本文采用的英格恩产品: RNA-Entranster-invivo
Functionally conserved PPARG exonic circRNAs enhance intramuscular fat deposition by regulating PPARG and HSL
Affiliations
- 1 State Key Laboratory for Conservation and Utilization of Subtropical Agro-Bioresources, Guangxi Key Laboratory of Animal Breeding, Disease Control and Prevention, Guangxi University, Nanning, Guangxi 530005, China.
- 2 Guangdong Provincial Key Laboratory of Animal Molecular Design and Precise Breeding, School of Life Science and Engineering, Foshan University, Foshan, Guangdong 528225, China.
- 3 State Key Laboratory for Conservation and Utilization of Subtropical Agro-Bioresources, Guangxi Key Laboratory of Animal Breeding, Disease Control and Prevention, Guangxi University, Nanning, Guangxi 530005, China. Electronic address: ardsshi@gxu.edu.cn.

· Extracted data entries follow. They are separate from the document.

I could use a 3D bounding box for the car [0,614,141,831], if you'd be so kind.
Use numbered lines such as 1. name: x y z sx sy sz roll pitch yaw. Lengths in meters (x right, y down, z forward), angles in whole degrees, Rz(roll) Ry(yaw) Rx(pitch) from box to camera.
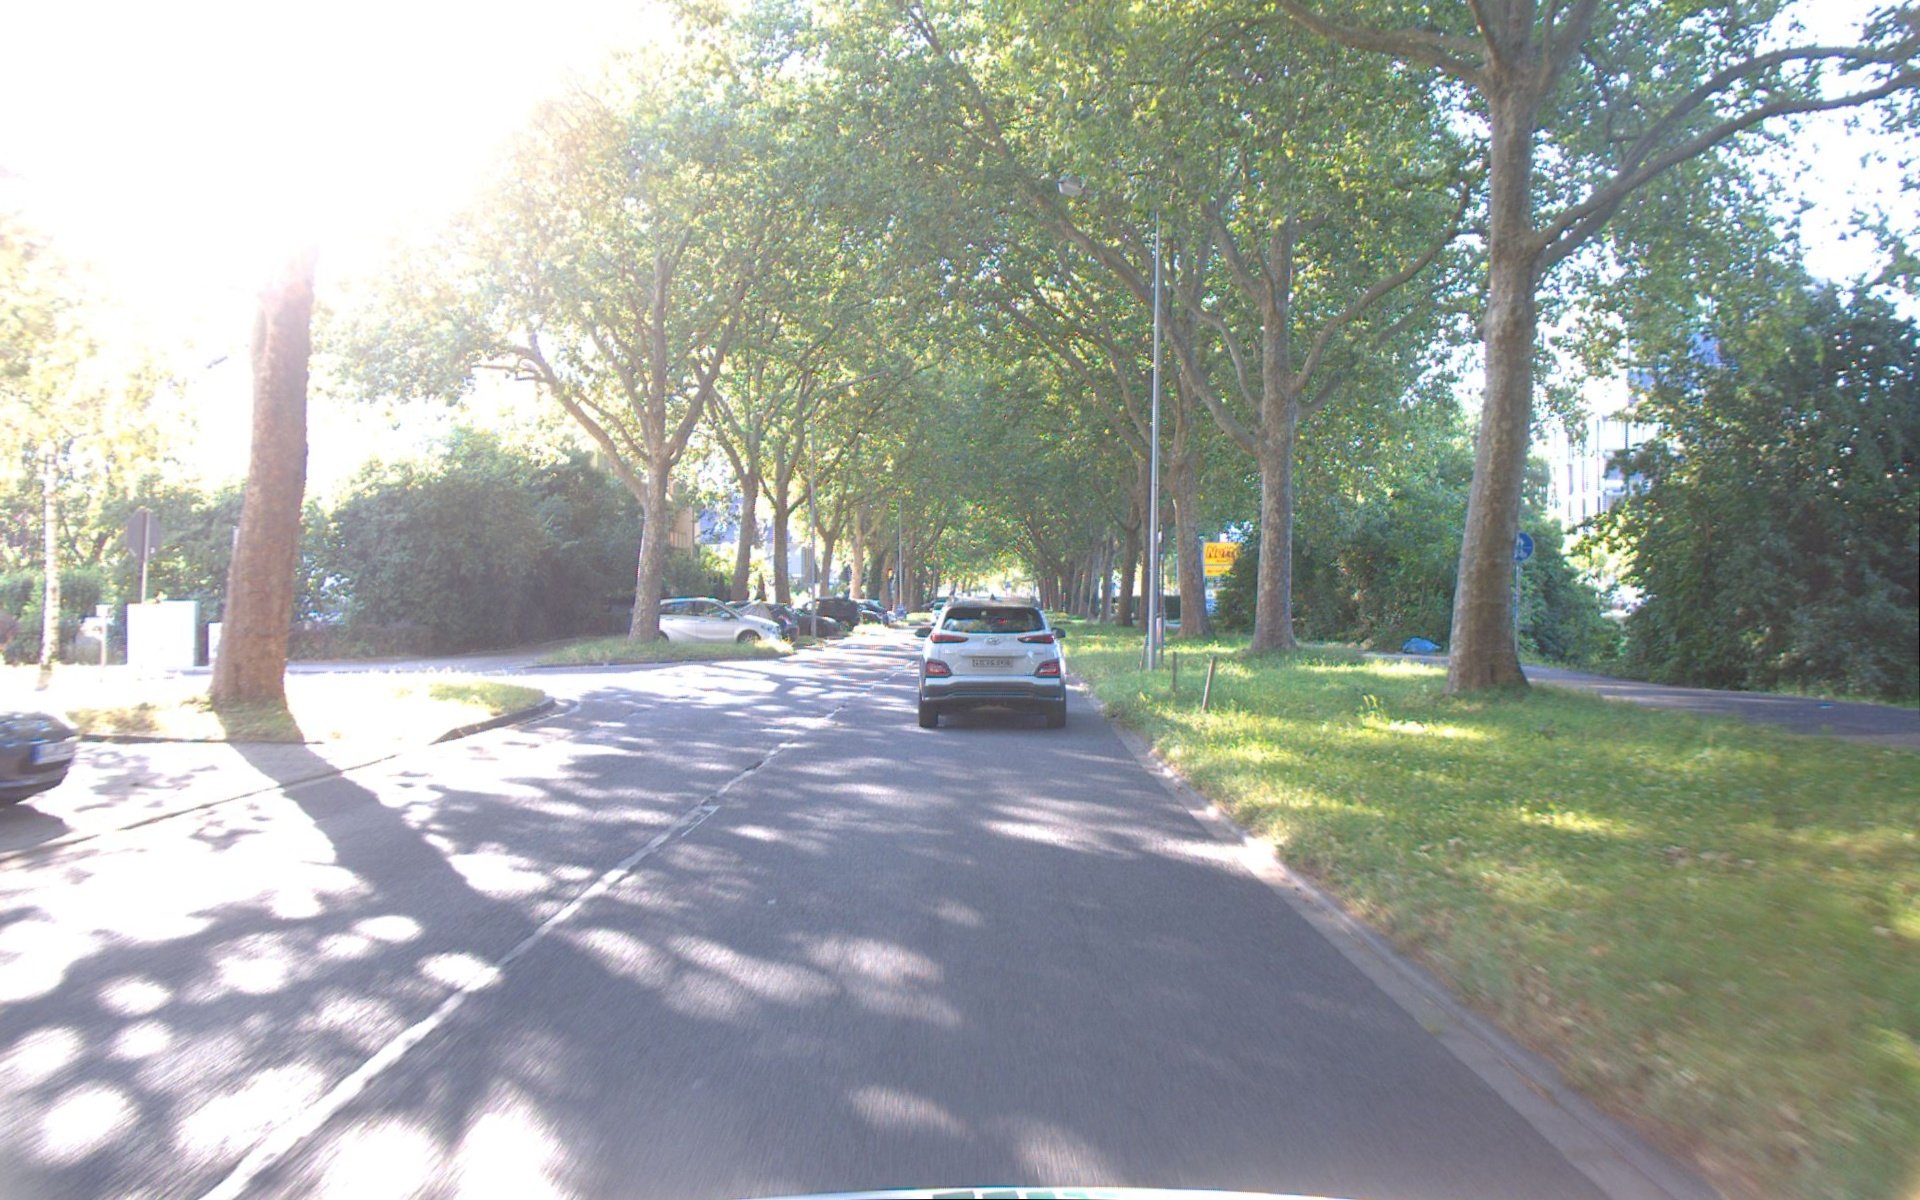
1. car: -7.956 0.743 11.326 3.748 1.339 1.789 2 0 -2

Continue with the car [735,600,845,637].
1. car: -6.694 0.721 65.349 4.153 1.376 1.741 -1 0 0

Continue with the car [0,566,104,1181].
1. car: -3.265 0.678 2.661 1.747 1.539 3.838 1 0 0

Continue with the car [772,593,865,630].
1. car: -6.607 0.551 77.438 4.156 1.709 1.671 0 0 1

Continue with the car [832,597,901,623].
1. car: -5.548 0.604 98.535 3.903 1.496 1.810 0 0 3

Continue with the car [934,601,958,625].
1. car: -0.874 0.801 105.657 1.504 1.484 3.184 0 0 -1

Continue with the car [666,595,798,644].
1. car: -7.358 0.628 53.706 4.076 1.532 1.801 0 0 -2

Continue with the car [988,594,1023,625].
1. car: 2.536 0.529 93.234 1.643 1.725 3.743 0 0 -3

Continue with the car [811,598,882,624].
1. car: -6.334 0.625 92.893 3.907 1.449 1.808 0 0 -3

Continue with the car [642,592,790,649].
1. car: -7.120 0.605 48.600 4.100 1.612 1.999 1 0 -3

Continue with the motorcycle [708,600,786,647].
1. motorcycle: -6.577 0.722 51.171 2.338 1.412 0.648 0 0 -4

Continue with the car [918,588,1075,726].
1. car: 0.385 0.668 21.192 1.798 1.583 3.999 1 0 -1

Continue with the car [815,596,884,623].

- 4 State Key Laboratory for Conservation and Utilization of Subtropical Agro-Bioresources, Guangxi Key Laboratory of Animal Breeding, Disease Control and Prevention, Guangxi University, Nanning, Guangxi 530005, China. Electronic address: huangjieping@gxu.edu.cn.
- PMID: 38070814
- DOI: 10.1016/j.ijbiomac.2023.128613
Abstract
Circular RNAs (circRNA) are a kind of endogenous biological macromolecules that play significant roles in many biological processes, including adipogenesis, a precisely orchestrated process that is mediated by a large number of factors. Among them, peroxisome proliferator-activated receptor gamma (PPARG), is undoubtedly the most important regulator of adipocyte development in all types of adipose tissue. The formation of intramuscular fat (IMF), is a key factor that influences the meat quality in livestock animals. PPARG has been demonstrated to show a positive correlation with IMF deposition although the regulatory mechanism involved is not known. This study demonstrates that PPARG mediates IMF deposition by producing multiple exonic circRNAs (circPPARGs). Three circPPARGs promote adipogenic differentiation and inhibit the proliferation of intramuscular preadipocytes and these effects are conserved across several species including buffaloes, cattle and mice. Notably, circPPARG1 interacts with PPARG protein to inhibit the transcription of hormone sensitive lipase (HSL) involved in lipolysis. In addition, the positive effects of circPPARG1 on IMF deposition were identified in mice in vivo. Thus, PPARG drives IMF deposition, not only through the common transcription factor pathway, but also by producing circRNAs. This study provides new insights into our understanding of the regulatory mechanisms of PPARG in IMF deposition.
Keywords: Adipogenesis; Bubalus bubalis; Intramuscular fat; Peroxisome proliferator-activated receptor gamma; circRNA.